Two WSJ articles about comedy
Sharp-eyed FOS T. Reilly pointed out that The Wall Street Journal ran two articles on comedy last week. (We think they might require registration.)
In the first, Lee Siegel, writing in the Wall Street Journal, advances a somewhat broad and, at times confusing, thesis about the current state of comedians. Part of it is summed up in his second paragraph:
It seems that as politics descends into dark hilarity… comedians are being asked to offer statesmanlike observations on politics, or to even step forward as possible statesmen themselves. Comedy and politics are changing places.
Actually, we would counter that no one is asking comedians to do any such thing. (At least no moreso than usual.) And that, with the exception of Al Franken, no comedians are “stepping forward to be possible statesmen.”
So what is Siegel trying to say? He goes on to point out that Jon Stewart, Sascha Baron-Cohen, Bill Maher, Stephen Colbert and other “successful yet unfunny comics” are…
…venturing something very serious about American society. It might make you think. It might make you smile. But it doesn’t make you laugh out loud. The catharsis comes not from the comedy, but from the feeling that reality is being called on the carpet, made to stand stiff with attention, and thoroughly reprimanded like a naughty schoolboy.
Later in the piece, Siegel talks about Lenny Bruce and Bob Hope and the evolution of standup comedy. Which might be the main problem we have with the article– the failure to make any distinction between standup comedy comedy as done by Stewart, Maher, et al.

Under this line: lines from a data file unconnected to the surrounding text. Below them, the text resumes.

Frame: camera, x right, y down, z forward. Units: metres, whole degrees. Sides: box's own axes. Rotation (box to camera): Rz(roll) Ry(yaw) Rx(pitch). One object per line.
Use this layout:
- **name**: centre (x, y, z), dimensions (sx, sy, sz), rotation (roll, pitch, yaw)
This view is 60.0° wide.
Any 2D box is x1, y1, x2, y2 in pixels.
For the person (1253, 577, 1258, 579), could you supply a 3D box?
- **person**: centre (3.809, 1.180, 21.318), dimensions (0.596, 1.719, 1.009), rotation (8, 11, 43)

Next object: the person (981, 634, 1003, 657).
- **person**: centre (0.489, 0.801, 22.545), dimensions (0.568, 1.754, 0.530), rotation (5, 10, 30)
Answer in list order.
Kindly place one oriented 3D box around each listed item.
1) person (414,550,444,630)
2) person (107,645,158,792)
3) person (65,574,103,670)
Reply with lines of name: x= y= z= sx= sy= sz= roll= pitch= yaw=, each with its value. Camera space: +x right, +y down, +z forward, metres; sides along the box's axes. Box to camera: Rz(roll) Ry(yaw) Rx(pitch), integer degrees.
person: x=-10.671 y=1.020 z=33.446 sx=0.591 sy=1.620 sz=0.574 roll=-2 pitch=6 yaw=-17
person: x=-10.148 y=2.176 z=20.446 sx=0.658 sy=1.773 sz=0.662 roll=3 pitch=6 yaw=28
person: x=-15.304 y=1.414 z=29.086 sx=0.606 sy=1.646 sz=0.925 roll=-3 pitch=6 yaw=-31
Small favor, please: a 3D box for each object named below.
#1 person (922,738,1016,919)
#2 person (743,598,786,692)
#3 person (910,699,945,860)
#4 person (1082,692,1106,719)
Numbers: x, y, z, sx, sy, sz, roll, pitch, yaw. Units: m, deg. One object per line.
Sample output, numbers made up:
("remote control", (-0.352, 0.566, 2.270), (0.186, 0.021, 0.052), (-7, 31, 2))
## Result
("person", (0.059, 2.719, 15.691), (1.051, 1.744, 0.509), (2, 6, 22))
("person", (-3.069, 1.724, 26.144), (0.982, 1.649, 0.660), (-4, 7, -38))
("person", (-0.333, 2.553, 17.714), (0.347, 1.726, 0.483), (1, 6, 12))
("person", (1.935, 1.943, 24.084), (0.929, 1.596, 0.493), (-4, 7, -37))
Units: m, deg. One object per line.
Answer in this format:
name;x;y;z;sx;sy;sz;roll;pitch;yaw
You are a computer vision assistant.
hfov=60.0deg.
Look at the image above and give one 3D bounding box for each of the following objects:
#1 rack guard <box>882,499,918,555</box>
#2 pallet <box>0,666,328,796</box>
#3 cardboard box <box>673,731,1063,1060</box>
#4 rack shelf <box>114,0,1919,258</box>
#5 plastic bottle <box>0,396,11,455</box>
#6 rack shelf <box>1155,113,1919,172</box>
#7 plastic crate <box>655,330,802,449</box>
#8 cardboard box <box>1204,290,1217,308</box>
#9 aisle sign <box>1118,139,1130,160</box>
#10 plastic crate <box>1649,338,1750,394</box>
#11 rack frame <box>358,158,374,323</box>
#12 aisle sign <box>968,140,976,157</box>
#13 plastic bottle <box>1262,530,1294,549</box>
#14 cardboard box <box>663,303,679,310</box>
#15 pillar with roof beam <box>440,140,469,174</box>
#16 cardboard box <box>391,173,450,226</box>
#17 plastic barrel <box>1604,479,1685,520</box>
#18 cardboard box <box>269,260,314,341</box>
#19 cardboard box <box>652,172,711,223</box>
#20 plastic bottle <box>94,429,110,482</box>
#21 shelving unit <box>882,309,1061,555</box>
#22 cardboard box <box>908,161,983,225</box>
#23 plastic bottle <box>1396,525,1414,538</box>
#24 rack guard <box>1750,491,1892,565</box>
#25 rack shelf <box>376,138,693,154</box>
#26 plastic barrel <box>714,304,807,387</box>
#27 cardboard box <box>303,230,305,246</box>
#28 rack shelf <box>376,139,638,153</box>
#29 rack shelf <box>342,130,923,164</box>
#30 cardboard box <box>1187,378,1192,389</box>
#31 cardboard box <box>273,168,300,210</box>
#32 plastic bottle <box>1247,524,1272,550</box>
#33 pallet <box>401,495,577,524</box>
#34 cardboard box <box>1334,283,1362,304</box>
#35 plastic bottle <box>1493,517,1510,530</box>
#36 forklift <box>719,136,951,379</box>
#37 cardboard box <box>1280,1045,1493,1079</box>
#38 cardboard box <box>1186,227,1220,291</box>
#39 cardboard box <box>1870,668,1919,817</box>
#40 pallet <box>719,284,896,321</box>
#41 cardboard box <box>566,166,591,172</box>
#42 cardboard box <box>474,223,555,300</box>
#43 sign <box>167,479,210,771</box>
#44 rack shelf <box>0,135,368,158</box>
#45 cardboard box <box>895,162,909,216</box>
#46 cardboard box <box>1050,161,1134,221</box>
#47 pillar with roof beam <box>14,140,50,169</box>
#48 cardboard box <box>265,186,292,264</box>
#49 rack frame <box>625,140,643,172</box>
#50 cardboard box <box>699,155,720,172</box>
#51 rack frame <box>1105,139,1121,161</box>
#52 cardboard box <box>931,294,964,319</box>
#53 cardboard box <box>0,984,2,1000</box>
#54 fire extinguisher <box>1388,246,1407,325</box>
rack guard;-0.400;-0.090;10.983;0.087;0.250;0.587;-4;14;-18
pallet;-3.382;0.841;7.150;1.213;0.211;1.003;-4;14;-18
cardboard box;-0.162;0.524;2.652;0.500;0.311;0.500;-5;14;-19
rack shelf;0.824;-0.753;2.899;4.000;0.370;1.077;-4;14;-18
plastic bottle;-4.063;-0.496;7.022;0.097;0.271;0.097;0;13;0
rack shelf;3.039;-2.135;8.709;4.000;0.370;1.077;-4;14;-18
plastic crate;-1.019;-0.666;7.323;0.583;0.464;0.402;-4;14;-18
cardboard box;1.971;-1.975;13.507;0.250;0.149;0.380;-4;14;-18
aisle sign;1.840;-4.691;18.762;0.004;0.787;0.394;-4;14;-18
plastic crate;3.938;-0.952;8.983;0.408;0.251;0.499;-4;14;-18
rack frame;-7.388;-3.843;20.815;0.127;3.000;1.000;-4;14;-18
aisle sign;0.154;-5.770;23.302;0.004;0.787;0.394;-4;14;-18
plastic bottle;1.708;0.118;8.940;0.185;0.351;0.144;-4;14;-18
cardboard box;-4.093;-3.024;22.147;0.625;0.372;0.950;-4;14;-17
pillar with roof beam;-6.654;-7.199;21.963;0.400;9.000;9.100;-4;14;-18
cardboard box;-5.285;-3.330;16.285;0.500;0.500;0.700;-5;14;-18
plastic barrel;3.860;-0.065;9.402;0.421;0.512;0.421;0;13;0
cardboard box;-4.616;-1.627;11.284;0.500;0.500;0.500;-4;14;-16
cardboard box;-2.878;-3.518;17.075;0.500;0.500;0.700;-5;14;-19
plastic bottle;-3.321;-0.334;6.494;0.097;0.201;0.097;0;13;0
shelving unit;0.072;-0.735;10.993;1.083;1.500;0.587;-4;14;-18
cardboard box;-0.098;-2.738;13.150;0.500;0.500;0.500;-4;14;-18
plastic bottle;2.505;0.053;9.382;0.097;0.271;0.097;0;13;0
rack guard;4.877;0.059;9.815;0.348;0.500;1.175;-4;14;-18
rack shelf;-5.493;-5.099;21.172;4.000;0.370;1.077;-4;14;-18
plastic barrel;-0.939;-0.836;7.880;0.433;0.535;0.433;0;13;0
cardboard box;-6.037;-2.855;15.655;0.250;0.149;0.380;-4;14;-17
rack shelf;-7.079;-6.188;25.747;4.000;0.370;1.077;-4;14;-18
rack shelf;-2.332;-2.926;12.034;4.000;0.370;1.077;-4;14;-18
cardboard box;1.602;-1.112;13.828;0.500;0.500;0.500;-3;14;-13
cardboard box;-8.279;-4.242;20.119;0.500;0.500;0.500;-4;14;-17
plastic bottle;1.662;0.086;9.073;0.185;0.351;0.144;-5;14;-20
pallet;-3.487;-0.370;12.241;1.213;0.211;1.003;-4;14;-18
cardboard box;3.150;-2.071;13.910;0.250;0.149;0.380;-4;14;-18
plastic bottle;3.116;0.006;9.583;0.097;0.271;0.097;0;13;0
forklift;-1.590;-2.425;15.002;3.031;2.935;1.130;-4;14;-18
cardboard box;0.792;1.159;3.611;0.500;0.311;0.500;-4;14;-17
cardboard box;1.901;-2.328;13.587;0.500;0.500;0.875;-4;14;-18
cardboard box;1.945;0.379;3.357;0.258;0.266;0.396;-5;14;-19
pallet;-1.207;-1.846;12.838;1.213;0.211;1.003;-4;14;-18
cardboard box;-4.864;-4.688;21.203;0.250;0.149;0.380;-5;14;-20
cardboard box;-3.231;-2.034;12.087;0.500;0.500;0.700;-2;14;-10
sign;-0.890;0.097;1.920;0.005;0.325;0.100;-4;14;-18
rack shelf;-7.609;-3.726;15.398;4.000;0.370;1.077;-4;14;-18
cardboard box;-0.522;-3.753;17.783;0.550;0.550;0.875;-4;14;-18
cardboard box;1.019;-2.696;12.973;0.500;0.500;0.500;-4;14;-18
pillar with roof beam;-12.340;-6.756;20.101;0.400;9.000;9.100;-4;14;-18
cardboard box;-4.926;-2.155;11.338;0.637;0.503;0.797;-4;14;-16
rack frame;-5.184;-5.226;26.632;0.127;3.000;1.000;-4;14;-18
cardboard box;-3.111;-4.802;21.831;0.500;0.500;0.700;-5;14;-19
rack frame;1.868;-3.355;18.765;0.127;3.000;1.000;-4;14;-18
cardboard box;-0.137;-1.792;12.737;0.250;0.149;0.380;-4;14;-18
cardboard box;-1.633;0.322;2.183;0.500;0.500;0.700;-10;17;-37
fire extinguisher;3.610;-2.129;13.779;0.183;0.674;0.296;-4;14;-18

We get uncomfortable whenever anyone lumps standup comedy in with these other kinds of humor. Especially if it’s all labeled “unfunny” or if the practitioners are branded as “unfunny!” It’s really not fair to either the standup comics or to the others who practice significantly different kinds of comedy. Let’s be honest: The laughs per minute ratio of a standup comic is expected to be much higher than that of a news/satire program or a faux documentary or a man-in-the-street assemblage of clips. And the size and intensity of the laugh (and the “takeaway” from the laugh) is expected to be different and varied. And that’s okay. The audience has certain expectations of each. If, however, the lines between them are blurred the confusion does us a disservice.
The other article proclaims that comedians are finally “Learning to laugh at Obama.”
After much hand-wringing that the sure-footed, quirk-free Mr. Obama provided little fodder for mockery, the nation’s comedians are starting to rise to the task, with conservative and black comics paving the way.
We seriously doubt that any of the hand-wringing was done by conservative or black comics. (And we’ve never bought that Obama was either “sure-footed” or “quirk-free.”) So we’ve all along thought that this “We can’t figure out how to joke about Obama” meme was largely a concoction of the media, similar to the “Is Irony Dead?” nonsense they dreamed up shortly after 9-11.
Our favorite quote from the article:
Poking fun at the first black president is sensitive terrain. Many black comedians say racial jokes fall flat among white audiences in blue strongholds like New York and California. White audiences are sometimes hesitant to laugh at a racial jab, comedians say, while some black audiences feel protective of a president they overwhelmingly supported.
Let’s take that apart:
1. Joking about the first balck president is “sensitive terrain.”
2. Racial jokes fell flat in NYC and L.A.
3. White audiences are hesitant to laugh at a racial jab.
4. Some black audiences are “protective” of Obama.
Here’s our response, in order:
1. You’re kidding, right?
2. So what!
3. And…?
4. Make the joke anyway. They’re at a goddamn comedy club.
Why does the MSM (and a startling number of comedians) think that audiences and comedians have gone all soft and mushy all of a sudden just because we elected a mixed-race Illinois senator?
This was the excuses everyone was offering for not making Obama jokes? (Or for being totally incapable of creating same?)
A shameful chapter is the history of standup which, it seems, is over.